What is expected –
Give again, word for word, every line in the entries below from the line with "circle A2 centre (-16.237, 4) radius 1.6" up to and including the line with "line L1 (0, -20) -> (30, -20)", and no other line.

Records supplied –
******************************
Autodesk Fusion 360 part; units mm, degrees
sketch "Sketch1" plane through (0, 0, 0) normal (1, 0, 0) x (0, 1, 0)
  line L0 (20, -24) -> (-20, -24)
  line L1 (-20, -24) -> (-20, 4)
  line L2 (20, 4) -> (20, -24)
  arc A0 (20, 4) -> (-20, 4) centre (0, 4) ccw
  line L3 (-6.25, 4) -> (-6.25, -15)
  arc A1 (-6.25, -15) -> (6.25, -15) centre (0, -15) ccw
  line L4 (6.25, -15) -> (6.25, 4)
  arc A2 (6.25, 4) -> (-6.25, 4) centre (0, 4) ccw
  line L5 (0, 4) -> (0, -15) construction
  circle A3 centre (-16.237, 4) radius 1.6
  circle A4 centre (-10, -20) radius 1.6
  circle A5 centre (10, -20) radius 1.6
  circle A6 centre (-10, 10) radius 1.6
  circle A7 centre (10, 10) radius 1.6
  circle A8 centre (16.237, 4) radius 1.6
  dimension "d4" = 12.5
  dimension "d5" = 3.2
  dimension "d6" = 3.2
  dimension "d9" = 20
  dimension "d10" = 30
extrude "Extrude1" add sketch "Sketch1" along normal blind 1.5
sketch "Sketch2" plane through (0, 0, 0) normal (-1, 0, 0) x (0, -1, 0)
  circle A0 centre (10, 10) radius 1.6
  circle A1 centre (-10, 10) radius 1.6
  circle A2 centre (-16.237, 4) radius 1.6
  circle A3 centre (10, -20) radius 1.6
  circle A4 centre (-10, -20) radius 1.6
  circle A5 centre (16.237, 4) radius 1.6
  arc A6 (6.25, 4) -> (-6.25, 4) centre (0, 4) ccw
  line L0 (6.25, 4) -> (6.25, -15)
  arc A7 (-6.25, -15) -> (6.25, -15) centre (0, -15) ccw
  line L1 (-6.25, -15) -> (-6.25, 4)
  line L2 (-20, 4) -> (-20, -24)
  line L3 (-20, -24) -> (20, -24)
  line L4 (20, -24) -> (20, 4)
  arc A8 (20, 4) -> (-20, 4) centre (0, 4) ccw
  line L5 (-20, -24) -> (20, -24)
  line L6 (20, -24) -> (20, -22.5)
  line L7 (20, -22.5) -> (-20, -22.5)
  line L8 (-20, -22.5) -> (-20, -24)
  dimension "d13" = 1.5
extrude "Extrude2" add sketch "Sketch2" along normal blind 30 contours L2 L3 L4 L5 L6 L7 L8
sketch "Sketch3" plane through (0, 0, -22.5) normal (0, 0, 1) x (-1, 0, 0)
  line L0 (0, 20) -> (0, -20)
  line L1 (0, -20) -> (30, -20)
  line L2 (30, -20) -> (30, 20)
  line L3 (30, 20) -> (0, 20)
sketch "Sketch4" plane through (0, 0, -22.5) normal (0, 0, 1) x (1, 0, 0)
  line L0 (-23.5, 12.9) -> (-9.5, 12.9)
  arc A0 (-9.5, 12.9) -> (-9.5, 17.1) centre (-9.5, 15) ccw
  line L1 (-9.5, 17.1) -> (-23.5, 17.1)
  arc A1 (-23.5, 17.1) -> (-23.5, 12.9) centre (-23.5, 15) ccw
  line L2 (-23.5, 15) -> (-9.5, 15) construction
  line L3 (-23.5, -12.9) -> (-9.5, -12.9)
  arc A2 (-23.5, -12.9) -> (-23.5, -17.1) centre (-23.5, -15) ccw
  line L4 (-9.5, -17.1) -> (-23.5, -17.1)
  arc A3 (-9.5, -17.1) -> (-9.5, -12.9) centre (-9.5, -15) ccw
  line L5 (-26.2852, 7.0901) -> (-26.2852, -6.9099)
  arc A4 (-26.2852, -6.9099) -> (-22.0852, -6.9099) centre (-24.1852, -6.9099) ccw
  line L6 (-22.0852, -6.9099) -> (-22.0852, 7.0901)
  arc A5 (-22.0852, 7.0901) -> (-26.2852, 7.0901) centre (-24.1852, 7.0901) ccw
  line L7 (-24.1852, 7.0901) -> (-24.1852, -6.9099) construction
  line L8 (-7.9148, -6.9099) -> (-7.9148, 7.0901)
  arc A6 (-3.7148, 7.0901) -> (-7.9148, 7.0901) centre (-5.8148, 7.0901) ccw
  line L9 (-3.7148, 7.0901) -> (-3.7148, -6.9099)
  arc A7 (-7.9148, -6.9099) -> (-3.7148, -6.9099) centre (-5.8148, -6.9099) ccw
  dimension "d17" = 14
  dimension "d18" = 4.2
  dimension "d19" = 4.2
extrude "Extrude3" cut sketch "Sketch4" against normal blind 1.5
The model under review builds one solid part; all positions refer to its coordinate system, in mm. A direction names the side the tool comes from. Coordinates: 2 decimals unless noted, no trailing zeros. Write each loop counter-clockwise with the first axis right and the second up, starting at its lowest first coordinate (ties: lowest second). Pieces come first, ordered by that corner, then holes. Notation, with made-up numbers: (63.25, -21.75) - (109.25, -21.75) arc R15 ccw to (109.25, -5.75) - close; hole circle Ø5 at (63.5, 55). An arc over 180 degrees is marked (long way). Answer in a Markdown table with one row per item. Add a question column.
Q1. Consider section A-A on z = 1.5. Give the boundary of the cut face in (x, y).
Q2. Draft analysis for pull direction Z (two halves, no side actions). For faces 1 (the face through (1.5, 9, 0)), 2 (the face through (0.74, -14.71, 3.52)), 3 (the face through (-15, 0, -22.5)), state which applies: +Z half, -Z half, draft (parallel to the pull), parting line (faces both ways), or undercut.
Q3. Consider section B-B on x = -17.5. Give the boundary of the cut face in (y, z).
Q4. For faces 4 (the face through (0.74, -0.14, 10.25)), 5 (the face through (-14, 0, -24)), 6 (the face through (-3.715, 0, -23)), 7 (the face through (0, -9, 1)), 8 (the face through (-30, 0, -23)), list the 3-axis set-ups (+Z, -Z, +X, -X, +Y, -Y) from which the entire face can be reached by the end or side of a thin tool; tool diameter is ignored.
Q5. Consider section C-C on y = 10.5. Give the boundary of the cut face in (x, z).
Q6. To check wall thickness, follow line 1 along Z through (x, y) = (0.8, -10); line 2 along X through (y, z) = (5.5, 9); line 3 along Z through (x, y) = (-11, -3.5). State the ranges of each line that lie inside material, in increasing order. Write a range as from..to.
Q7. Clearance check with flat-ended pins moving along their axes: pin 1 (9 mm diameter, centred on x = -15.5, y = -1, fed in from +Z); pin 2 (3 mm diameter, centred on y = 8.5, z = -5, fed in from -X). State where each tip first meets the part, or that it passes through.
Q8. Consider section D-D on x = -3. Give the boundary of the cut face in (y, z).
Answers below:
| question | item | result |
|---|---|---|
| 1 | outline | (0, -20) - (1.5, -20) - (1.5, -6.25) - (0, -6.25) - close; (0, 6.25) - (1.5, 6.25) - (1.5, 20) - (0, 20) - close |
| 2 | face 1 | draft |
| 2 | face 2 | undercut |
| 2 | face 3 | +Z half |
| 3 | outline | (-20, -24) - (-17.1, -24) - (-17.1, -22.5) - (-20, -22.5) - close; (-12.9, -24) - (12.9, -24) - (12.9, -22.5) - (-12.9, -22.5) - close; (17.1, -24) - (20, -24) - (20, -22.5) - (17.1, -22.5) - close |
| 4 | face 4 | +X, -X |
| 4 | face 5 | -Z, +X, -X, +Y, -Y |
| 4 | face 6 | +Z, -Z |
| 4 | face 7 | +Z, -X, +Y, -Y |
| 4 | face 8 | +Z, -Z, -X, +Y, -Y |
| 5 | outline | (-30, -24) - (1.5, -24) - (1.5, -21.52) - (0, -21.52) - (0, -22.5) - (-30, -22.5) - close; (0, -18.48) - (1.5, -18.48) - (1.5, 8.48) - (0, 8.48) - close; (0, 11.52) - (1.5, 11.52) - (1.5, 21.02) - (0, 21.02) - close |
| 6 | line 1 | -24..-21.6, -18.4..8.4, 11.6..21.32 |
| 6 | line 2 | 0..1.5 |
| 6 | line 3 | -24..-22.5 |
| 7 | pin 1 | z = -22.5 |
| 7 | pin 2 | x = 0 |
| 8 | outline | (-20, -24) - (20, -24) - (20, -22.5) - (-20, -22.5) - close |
******************************
Solved problem –
  circle A2 centre (-16.237, 4) radius 1.6
  circle A3 centre (10, -20) radius 1.6
  circle A4 centre (-10, -20) radius 1.6
  circle A5 centre (16.237, 4) radius 1.6
  arc A6 (6.25, 4) -> (-6.25, 4) centre (0, 4) ccw
  line L0 (6.25, 4) -> (6.25, -15)
  arc A7 (-6.25, -15) -> (6.25, -15) centre (0, -15) ccw
  line L1 (-6.25, -15) -> (-6.25, 4)
  line L2 (-20, 4) -> (-20, -24)
  line L3 (-20, -24) -> (20, -24)
  line L4 (20, -24) -> (20, 4)
  arc A8 (20, 4) -> (-20, 4) centre (0, 4) ccw
  line L5 (-20, -24) -> (20, -24)
  line L6 (20, -24) -> (20, -22.5)
  line L7 (20, -22.5) -> (-20, -22.5)
  line L8 (-20, -22.5) -> (-20, -24)
  dimension "d13" = 1.5
extrude "Extrude2" add sketch "Sketch2" along normal blind 30 contours L2 L3 L4 L5 L6 L7 L8
sketch "Sketch3" plane through (0, 0, -22.5) normal (0, 0, 1) x (-1, 0, 0)
  line L0 (0, 20) -> (0, -20)
  line L1 (0, -20) -> (30, -20)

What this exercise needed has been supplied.